現在大陸で起こっている戦乱のいくつもが、王族たちの政治的な、感情的な判断によって決定されたものだ。
そして、生まれた時から戦乱の中にあり、人の命を使う ことを当然として育った彼らのほとんどが戦に対し抵抗感を持たない。
この忌まわしき現状にセデウスはずっと不満を覚えていたのだろう。
だが彼は王制の廃止を明確な改革として実行に移すことはできなかった。
おそらくは、制度を変えることで他国から警戒され、自国に攻め込まれることを恐れるが為に。
けれど―――― アウラティカは思う。
これが最後になるやもしれぬならば、彼の思いを、自分の願いを、人の中に撒いていきたい。
今すぐには何もかもが変えられなくとも、疑問を持って欲しい。希望を持って欲しい。
どんな血に濡れた時代でも望めばいつかは別の方向へ動き出すのだと、いつかは平穏が当たり前の時代になるのだと。
せめてそれくらいのささやかな期待は残していきたかったのだ。



アウラティカは微笑んで目を閉じる。
たとえ離れた場所にいようとも、死ぬ時は彼と時を同じくしよう。
生の上に築かれる幸福でなくて構わない。愚かと嘲笑われることも気にならない。
全てを抱え込んで、彼女は彼女として、彼と運命を共にするのだ。



風が吹いて行く。
血の臭いを和らげるように。けれど決して消えない死を包み込んで。
草がさやさやと揺れる。
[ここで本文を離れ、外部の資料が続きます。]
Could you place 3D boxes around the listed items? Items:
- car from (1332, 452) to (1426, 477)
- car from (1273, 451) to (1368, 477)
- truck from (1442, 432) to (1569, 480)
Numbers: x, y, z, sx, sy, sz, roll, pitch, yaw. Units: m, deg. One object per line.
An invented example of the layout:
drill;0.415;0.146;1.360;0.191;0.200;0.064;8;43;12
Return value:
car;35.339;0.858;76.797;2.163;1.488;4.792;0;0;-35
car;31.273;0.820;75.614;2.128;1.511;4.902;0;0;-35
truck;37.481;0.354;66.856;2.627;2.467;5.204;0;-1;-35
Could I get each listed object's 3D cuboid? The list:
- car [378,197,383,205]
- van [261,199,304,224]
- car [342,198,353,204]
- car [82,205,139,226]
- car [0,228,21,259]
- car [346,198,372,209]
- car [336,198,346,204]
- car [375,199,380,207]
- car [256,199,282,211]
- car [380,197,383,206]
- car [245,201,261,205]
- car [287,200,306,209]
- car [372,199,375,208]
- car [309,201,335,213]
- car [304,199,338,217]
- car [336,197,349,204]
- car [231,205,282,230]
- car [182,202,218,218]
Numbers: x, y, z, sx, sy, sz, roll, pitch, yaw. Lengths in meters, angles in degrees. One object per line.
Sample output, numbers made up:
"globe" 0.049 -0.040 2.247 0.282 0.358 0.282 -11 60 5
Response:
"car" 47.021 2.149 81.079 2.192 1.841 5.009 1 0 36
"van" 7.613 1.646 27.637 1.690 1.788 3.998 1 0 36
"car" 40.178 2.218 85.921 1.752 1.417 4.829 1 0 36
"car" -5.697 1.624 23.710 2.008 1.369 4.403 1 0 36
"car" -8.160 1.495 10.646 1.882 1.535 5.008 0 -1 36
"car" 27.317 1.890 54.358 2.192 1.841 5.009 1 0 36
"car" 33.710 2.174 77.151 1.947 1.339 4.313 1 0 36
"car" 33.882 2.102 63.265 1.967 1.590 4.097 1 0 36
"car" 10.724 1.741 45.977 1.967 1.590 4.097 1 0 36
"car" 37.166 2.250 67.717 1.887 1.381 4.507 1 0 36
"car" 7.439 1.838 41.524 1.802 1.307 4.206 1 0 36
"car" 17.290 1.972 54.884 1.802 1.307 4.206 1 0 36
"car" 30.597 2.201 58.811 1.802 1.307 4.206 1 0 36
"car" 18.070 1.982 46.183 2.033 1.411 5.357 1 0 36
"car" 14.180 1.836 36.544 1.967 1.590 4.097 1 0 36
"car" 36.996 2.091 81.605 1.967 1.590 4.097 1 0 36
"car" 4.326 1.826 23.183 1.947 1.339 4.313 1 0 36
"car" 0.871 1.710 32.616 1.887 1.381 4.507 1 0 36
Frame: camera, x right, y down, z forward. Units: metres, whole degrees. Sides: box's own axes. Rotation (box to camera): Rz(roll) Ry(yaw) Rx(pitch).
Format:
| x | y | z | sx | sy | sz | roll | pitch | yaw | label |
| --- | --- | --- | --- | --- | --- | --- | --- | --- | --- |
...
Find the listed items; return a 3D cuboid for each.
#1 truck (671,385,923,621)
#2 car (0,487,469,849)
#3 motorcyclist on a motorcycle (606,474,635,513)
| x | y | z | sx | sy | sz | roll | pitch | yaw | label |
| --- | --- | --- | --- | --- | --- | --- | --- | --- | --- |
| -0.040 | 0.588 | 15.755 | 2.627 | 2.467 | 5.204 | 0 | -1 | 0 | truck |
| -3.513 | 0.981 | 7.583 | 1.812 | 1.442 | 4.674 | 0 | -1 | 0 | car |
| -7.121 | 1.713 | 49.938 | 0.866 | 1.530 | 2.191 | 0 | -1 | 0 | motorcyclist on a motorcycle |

遠くで鳥が鳴く。
いつしか戦場は―――― 溜息一つも聞こえない静穏に、満たされていた。
アウラティカは目を開く。
長い睫毛の下、広がる視界。
果てしないその景色。
そこに居合わせた兵たちは…………皆が真摯な目で、じっと彼女を見つめていた。
女王としてだけではなく、一人の人間として。
時代の在り方を悲しみ、不自由さを分かち合う魂として。
言葉よりも伝わる思いが、彼ら一人一人の目の中に溢れている。

人は戦いを望む生き物だと、厭世のさなか皆が思い知る。
だが確かに別の望みが、本能を越えることも出来るのだ。
喪失を悼む悲しみが、虚脱の中平穏を求め次へと繋がる。
人の世の中、戦乱の中、連鎖していくものは、決して憎悪だけではないはずなのだ。

アウラティカは体いっぱいに風を吸い込むと、深く頭を下げる。
自分とセデウスを王と仰ぎ、今までついてきてくれた人々に向って。
「ありがとう……」
それは、一つの戦いの終わりを告げる呟きで―――― 別の戦いの幕開けとなる、言葉だった。